Dr. Rakesh Shah had only one complaint about his experience receiving the COVID-19 vaccine – he couldn’t get a happy face BandAid. But after being injected with both doses of the Pfizer-BioNTech option and having zero side effects, a plain one is just fine with him.
The cardiologist and president of medical staff at Langhorne’s St. Mary Medical Center recently took to his food-related @thecookingcardiologist Instagram to chronicle the vaccination process and help alleviate public fears. Ever since the vaccine was released, Shah was inundated with questions. Is it safe? Isn’t it better to just get COVID, which has a high survival rate?
“I thought, maybe the best thing to do is document my experience, thought process, just to give people a level of comfort that a healthcare professional believes in the science,” Shah told The Times. “It was really a mission to educate and make sure that proper information was given out. There’s so many myths out there that people were concerned about, so I wanted to dispel them.”
A huge misconception, explained Shah, is that vaccine recipients are injected with the coronavirus. He stressed that this isn’t the case. Rather, the vaccine contains a small component of the virus’ genetic material, which allows the body to form a specific type of protein to then fight off the virus.

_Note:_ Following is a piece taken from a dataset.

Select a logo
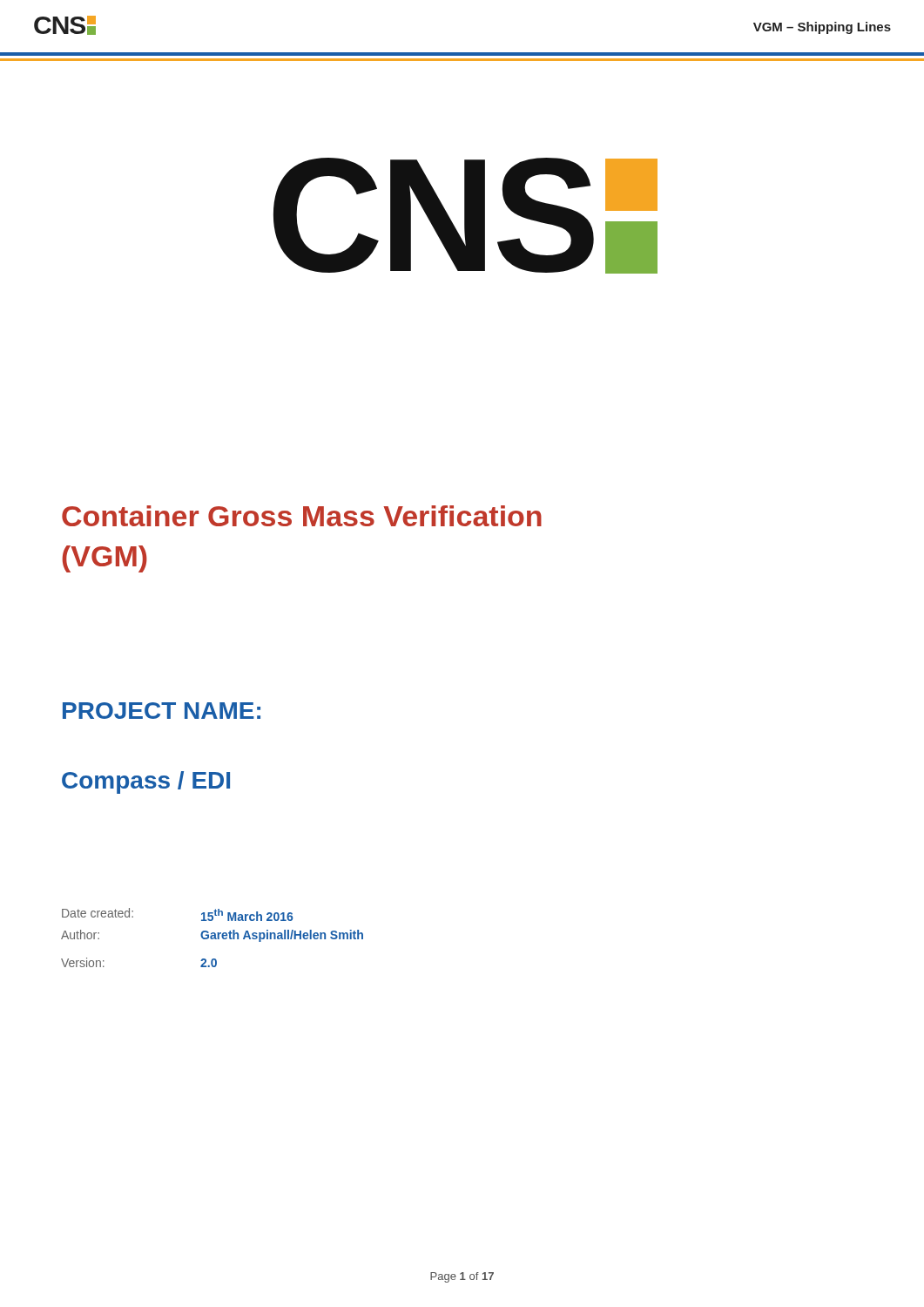[x=462, y=216]
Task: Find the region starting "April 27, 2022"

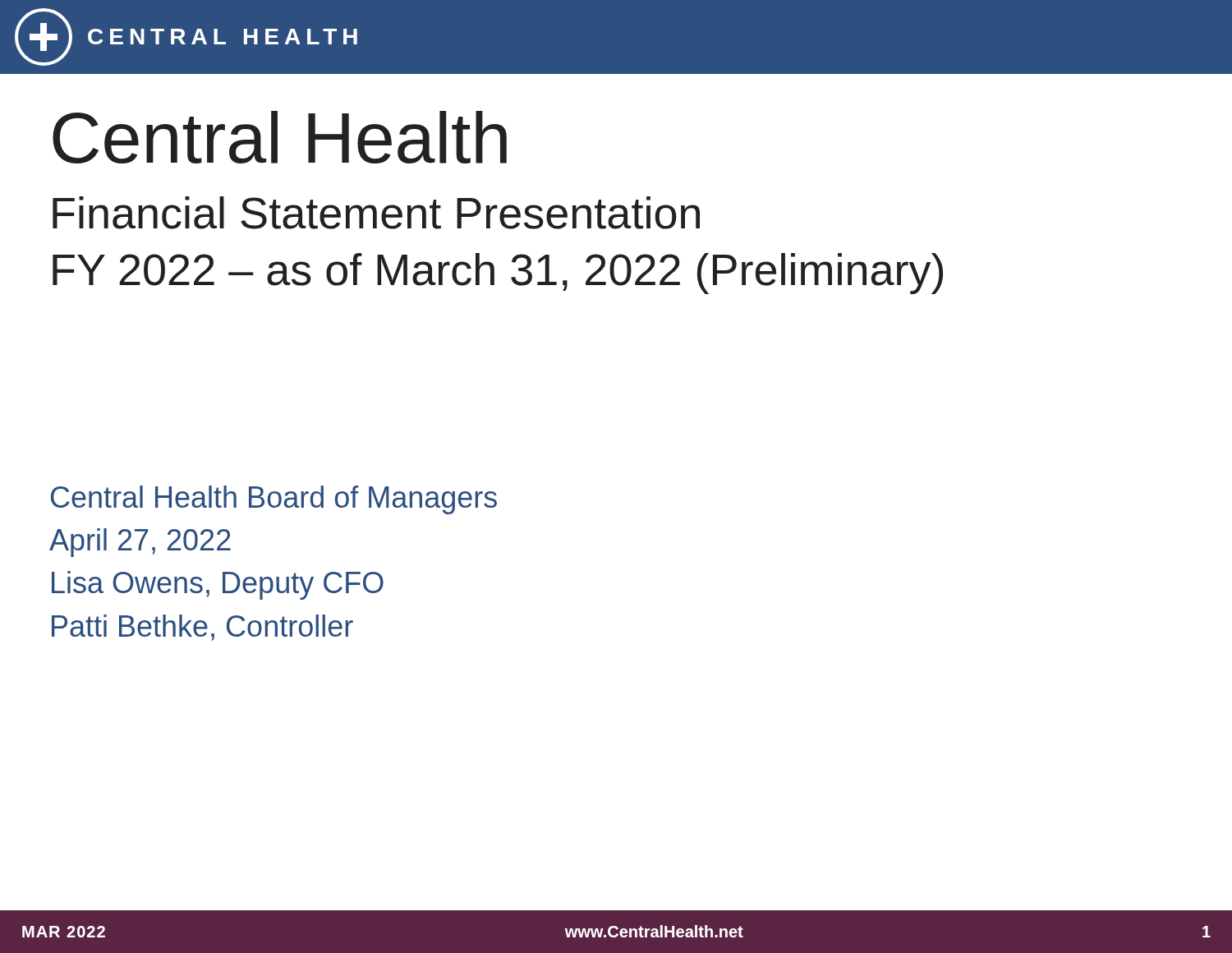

“We’re really injecting a very specialized piece of the virus. It’s not the virus itself,” said Shah. “So, if we do get exposed to the coronavirus, the likelihood of getting really sick from it is incredibly low.”
Shah added that the vaccine doesn’t necessarily prevent infection. Its purpose is to “fight the infection off rapidly and with minimal illness.”
On Instagram, Shah walked viewers through part one of his vaccination. First, vaccine recipients must fill out a form that asks if they have COVID-19 symptoms or were exposed to an infected individual. According to Shah, if a person is knowingly COVID-positive, they should wait until they’re negative to be vaccinated.
“What we don’t want is someone who’s actively sick to receive the vaccine because it may alter your immune response,” he said. “We’d rather you recover from what you have ongoing and then take the vaccine.”
Next, Shah was given his vaccination card, which includes his name, demographics, type of vaccine (Pfizer or Moderna), date of administration and the date he was set to return for his second dose. He recommended that people take a picture of the card in case they lose the original. Finally, he was vaccinated, boasting a calm, laid-back demeanor the entire time.
“No one’s arm has fallen off so far,” he said with a laugh as the vaccine administrator broke the sad news that only plain BandAids were on hand.
After sitting in a designated observation area for 15 minutes and having no bad reaction, Shah was free to go. Some may experience low-grade fever and chills, but this typically goes away within a day or two. Shah was given the second dose of the Pfizer vaccine about three weeks later and had no negative side effects.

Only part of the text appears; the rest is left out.